This book begins with Mark Perryman’s lazy, simplistic, one dimensional analysis of post-devolution Britain, taking as its basis a fundamental misunderstanding of Scottish politics that is riddled with factual inaccuracy and woeful misrepresentation.

It proceeds along a path to persuasive oblivion with a range of contributions (eg from Kevin Williamson, Richard Thomson and Salma Yaqoob) that continue the theme of personal rather than state self determination, painting small cameos of perceived roles and perspectives that contribute little to a big picture analysis of the issues.

The book then moves on with a series of thoughtful and honest assessments of post-devolution politics across the UK by Lesley Riddoch, John Osmond and Gerry Adams, with illuminating analyses that combine to better describe our ‘jigsaw state’, and therefore more accurately assess the potential for ‘Breaking Up Britai’.

The book ends with Michael Kenny and Guy Lodge’s excellent critique of ‘Brown’s Britain’; a crass, simplistic (and culturally dangerous) construct developed in the minds of the self-styled intellectual elite of the British Labour party.

It should be noted that the people’s recent verdict on this shabby attempt to build a new Britain was at least representative of the state, or should that be the states, we’re in, with a neat, and frankly very British, political asymmetry to the European poll result – Labour beaten by the Tories in Wales, overtaken by UKIP in England and trounced by the SNP in Scotland!

A better demonstration of the missing thread that should have run through this book – the F-word of British politics – could not have been fashioned if the federalists amongst us had spun one. The evidence of collective electoral intelligence, and its often devastating use, even under first-past-the-post, that points towards federalism is all but ignored.

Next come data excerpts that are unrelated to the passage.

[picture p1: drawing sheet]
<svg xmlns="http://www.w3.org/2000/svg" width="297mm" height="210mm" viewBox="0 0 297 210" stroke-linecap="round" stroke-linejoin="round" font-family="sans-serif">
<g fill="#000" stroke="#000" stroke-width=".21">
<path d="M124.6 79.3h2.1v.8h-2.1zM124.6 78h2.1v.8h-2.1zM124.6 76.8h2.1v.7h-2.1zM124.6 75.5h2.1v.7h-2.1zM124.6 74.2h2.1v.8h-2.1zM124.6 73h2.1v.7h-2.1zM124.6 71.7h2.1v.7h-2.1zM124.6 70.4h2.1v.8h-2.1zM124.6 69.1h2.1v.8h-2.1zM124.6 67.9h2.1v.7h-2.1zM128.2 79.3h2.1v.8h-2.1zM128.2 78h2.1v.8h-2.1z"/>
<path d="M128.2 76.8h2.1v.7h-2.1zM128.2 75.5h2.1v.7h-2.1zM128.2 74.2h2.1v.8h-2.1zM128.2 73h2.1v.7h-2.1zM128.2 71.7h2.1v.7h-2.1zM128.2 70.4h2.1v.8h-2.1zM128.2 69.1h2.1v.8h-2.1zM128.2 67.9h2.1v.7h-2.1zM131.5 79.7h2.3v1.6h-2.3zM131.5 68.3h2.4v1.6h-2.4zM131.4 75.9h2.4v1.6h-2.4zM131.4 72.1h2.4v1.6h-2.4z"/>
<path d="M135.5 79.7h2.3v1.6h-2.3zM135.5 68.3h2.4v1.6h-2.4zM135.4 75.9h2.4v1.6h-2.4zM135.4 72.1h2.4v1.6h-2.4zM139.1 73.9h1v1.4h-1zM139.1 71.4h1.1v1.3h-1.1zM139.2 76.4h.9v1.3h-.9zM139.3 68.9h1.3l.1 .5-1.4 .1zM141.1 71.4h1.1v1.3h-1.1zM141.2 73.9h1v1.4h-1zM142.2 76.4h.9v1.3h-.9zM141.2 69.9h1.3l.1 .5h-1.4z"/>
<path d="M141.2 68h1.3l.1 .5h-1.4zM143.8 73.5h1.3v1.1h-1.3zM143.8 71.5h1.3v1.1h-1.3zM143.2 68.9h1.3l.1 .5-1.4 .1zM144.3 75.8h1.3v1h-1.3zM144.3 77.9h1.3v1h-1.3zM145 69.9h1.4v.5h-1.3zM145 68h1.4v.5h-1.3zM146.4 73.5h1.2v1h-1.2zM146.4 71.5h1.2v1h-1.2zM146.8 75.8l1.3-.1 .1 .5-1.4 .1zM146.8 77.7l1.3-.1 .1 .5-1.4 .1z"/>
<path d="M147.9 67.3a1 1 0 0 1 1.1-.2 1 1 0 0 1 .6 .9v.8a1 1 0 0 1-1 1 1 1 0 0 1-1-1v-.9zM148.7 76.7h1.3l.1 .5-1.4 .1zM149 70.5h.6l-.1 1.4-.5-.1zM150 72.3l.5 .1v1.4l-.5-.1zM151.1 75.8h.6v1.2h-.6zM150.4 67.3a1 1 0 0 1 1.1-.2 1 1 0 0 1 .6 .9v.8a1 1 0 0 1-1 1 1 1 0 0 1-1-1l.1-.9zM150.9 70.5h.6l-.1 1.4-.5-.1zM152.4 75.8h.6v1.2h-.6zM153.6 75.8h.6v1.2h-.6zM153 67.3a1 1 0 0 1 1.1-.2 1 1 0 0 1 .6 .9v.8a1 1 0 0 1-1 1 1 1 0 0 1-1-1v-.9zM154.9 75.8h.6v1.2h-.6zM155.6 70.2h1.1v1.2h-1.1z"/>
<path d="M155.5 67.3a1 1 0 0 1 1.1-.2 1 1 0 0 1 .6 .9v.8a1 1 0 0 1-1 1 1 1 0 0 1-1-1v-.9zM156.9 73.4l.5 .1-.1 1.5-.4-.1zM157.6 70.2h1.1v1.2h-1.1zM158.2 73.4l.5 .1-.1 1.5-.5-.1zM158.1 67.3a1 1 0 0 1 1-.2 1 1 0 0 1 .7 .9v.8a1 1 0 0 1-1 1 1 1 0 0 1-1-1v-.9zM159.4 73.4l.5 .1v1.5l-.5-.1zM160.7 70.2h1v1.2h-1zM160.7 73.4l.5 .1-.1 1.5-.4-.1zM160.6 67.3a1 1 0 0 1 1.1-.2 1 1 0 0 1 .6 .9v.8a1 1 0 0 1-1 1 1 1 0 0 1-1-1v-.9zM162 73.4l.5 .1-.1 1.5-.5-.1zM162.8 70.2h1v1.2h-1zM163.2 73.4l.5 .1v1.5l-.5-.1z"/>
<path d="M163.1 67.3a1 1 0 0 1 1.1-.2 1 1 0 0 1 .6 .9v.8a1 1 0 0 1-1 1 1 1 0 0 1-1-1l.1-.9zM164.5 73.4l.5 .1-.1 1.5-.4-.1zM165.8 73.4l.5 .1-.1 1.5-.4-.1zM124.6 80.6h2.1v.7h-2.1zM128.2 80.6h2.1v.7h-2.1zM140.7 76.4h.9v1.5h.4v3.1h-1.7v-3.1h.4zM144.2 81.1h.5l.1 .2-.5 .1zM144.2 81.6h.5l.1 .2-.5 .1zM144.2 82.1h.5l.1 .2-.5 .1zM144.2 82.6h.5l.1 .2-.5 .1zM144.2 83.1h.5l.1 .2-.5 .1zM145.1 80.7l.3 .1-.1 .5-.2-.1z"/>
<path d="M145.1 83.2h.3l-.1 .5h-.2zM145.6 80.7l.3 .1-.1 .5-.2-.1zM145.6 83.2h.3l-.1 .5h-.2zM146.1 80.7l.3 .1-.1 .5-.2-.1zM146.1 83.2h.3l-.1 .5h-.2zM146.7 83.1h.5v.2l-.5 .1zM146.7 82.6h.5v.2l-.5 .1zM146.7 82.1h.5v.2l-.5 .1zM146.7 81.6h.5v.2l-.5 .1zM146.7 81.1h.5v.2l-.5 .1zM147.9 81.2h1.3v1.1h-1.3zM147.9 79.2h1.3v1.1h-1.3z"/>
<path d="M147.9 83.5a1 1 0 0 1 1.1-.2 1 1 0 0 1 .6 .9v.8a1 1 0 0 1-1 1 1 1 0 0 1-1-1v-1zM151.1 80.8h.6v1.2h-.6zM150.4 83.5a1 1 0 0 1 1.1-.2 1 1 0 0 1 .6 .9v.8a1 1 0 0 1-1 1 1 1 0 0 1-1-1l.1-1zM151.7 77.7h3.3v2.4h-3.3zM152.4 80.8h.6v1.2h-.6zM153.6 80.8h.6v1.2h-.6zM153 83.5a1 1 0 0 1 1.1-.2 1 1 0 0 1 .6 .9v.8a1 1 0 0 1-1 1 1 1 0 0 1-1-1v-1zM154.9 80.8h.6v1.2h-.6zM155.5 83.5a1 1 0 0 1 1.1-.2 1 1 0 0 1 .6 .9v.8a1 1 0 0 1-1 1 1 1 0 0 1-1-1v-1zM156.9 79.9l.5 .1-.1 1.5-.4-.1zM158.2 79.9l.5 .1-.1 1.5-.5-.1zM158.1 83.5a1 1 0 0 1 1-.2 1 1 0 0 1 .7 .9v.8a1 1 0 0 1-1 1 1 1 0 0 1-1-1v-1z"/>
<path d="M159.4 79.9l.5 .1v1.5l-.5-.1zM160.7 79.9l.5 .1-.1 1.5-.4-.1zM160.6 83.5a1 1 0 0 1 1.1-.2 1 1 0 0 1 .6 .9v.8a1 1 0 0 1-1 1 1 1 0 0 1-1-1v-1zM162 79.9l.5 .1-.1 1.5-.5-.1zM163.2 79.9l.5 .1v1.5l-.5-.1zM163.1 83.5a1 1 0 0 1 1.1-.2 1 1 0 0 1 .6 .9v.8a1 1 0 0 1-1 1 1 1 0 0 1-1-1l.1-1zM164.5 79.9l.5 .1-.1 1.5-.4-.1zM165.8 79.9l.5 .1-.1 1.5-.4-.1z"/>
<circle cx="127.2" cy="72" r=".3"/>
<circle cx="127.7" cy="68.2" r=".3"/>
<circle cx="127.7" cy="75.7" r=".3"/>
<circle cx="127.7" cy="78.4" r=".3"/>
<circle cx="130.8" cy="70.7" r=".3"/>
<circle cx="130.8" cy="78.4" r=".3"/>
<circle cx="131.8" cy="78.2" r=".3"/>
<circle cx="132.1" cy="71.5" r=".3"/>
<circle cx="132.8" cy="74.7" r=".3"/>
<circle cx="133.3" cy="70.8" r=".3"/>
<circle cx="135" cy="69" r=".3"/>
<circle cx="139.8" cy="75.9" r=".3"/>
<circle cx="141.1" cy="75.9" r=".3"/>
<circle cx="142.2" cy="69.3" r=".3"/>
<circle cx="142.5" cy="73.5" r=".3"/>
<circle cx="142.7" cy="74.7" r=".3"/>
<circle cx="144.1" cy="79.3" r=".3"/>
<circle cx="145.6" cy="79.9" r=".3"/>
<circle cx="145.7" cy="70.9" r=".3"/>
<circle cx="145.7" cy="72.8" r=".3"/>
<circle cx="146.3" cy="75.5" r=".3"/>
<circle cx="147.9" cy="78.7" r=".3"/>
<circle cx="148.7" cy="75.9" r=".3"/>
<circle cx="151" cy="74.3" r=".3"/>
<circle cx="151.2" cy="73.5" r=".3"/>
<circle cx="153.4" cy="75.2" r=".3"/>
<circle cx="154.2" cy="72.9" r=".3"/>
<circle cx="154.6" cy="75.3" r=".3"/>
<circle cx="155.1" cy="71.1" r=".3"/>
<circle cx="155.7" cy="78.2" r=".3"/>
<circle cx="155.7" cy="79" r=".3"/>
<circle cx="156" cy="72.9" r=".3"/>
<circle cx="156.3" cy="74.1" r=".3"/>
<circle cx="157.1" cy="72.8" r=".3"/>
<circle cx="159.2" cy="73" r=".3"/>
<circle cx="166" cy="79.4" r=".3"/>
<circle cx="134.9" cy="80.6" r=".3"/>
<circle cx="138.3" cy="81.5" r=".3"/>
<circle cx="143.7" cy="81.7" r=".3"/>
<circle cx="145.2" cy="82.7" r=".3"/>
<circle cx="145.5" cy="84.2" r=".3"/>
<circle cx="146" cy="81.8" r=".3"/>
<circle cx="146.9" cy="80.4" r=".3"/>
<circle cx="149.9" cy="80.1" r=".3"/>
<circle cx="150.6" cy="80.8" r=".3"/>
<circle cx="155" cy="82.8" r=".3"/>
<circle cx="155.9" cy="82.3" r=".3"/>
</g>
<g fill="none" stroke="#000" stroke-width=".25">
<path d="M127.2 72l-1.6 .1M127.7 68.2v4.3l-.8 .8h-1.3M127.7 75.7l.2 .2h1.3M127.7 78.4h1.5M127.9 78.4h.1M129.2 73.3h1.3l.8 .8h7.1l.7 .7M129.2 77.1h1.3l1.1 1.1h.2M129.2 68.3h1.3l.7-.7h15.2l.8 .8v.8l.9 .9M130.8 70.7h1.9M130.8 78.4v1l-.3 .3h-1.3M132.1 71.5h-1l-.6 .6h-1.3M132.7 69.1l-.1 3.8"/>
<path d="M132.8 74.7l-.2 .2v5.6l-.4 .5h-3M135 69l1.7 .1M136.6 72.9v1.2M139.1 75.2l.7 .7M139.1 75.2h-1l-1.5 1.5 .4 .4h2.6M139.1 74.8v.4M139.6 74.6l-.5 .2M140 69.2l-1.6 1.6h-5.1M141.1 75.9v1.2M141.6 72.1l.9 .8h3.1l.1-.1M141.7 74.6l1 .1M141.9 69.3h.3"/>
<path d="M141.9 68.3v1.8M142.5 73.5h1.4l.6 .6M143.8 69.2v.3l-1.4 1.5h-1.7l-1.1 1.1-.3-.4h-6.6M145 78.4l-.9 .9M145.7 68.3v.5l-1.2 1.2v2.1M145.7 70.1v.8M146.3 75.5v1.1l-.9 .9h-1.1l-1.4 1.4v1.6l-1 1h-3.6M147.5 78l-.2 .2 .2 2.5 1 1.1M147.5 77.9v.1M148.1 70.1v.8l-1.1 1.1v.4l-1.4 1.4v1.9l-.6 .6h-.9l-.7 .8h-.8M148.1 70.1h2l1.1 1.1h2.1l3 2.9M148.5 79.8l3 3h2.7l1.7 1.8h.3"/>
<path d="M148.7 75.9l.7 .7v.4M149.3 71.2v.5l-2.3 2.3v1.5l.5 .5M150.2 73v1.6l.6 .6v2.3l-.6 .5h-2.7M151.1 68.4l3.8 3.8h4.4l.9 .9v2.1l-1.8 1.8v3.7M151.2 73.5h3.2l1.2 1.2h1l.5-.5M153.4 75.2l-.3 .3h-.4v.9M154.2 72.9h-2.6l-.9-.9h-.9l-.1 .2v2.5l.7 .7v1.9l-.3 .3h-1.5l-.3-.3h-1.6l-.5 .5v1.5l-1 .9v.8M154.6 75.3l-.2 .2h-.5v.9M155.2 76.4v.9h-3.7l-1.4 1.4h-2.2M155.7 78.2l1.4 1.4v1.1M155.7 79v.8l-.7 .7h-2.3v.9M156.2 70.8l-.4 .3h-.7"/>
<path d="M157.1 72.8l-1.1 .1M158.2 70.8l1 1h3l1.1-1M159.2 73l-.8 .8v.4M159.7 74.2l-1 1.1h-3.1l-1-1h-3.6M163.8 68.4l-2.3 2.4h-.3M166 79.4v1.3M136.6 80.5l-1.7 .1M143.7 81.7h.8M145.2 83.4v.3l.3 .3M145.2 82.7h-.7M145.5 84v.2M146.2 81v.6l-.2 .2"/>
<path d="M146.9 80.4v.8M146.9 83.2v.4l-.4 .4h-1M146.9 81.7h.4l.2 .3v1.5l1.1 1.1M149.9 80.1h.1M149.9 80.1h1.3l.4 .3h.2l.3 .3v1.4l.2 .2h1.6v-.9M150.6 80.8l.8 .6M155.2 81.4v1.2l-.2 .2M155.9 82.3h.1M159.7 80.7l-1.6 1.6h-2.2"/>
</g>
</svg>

Instead, the fault line that runs down the middle of the book and leads to its questionable conclusion is to be found in the search for an English identity, the very basis of ‘Breaking Up Britain’. Ultimately it fails to recognise that a state that has defined itself through centuries of imperialist crushing of other’s nationhood cannot begin to define its own self until it recognises the devastating impact it has had, and continues to have, on others.

Or, in Scotland’s Year of the Homecoming perhaps the English – left, right, north, south, urban and rural, including people just like my Hampshire born mum, whose dad became the local Tory mayor – need to take to their own lion-hearts the words of Robert Burns’ and his advice to my fellow Scots ‘to see ourselves as others see us’.

This is a lesson that John Harris certainly argues strongly, when describing his take on the ‘Southern Discomfort’ political concept within England, making the wider point that there are no ‘no-go areas’ for any party in any part of the country. Under any electoral system, the public’s demand for greater choice will increase political plurality. Period.

Politics, constitutional or otherwise, is not an easy, clear-cut discussion with a right or a wrong answer, a ‘left’ or ‘right’ solution, it must be played out in glorious technicolour. The devolved areas of the UK are beginning to use the whole spectrum, fast-tracked by fairer voting systems, forging new and interesting political alliances.

In Scotland, sadly, we took a step backwards at the last election with the routing of the socialist reds and the environmental greens from their historic first term highs. This was the result not simply from a fall in electoral support (and inevitable in-fighting on the far left) but also from the shameful electoral shenanigans of the main parties, as highlighted in the Gould report. This threatened to turn our politics grey.

Mike Parker does helpfully point out some of the contradictions and colour clashes that still lurk at the heart of British politics, with the potential to burst out onto the scene. In highlighting widely held racist, sexist and homophobic attitudes amongst the British working class (now being converted into support for the BNP in England, which it should be noted is the only non-devolved part of the UK) he signals the desperate need for more colourful, positive politics, especially in times of recession.

Other contributors make useful points in seeking to define the prospects for England joining our growing ‘federal family’ through a process of self discovery, eg Vron Ware’s recognition of the importance of local community and the battle for the village green, the post office and the pub. Appropriate with the Ashes in full swing!

Meanwhile, the peoples of the UK have already moved on from the immediate post-devolution period with which this book is chiefly concerned, turning on its head the base unionist-driven political assumptions that determined the power relationships between Westminster and the devolved administrations in Belfast, Cardiff and Edinburgh.

There is an emerging political psyche across our ‘jigsaw state’ that is the exact reverse of the legislative basis for the Scotland Act, and its sister acts for Northern Ireland and Wales. This is what I call the new ‘devolution default position’. It can be summed up thus: ‘if we can do it ourselves, then we will’ and ‘only if it is better done together, should it remain reserved to Westminster’. That is federalism.

This book is based upon an outdated premise, looking through the wrong end of the political telescope, seeing the UK from a London, or rather Westminster perspective. It reminds me of that fabulous Two Ronnies sketch in which they confuse four candles for fork handles. Four nations after a Union? It’s the wrong question looking for the right answer.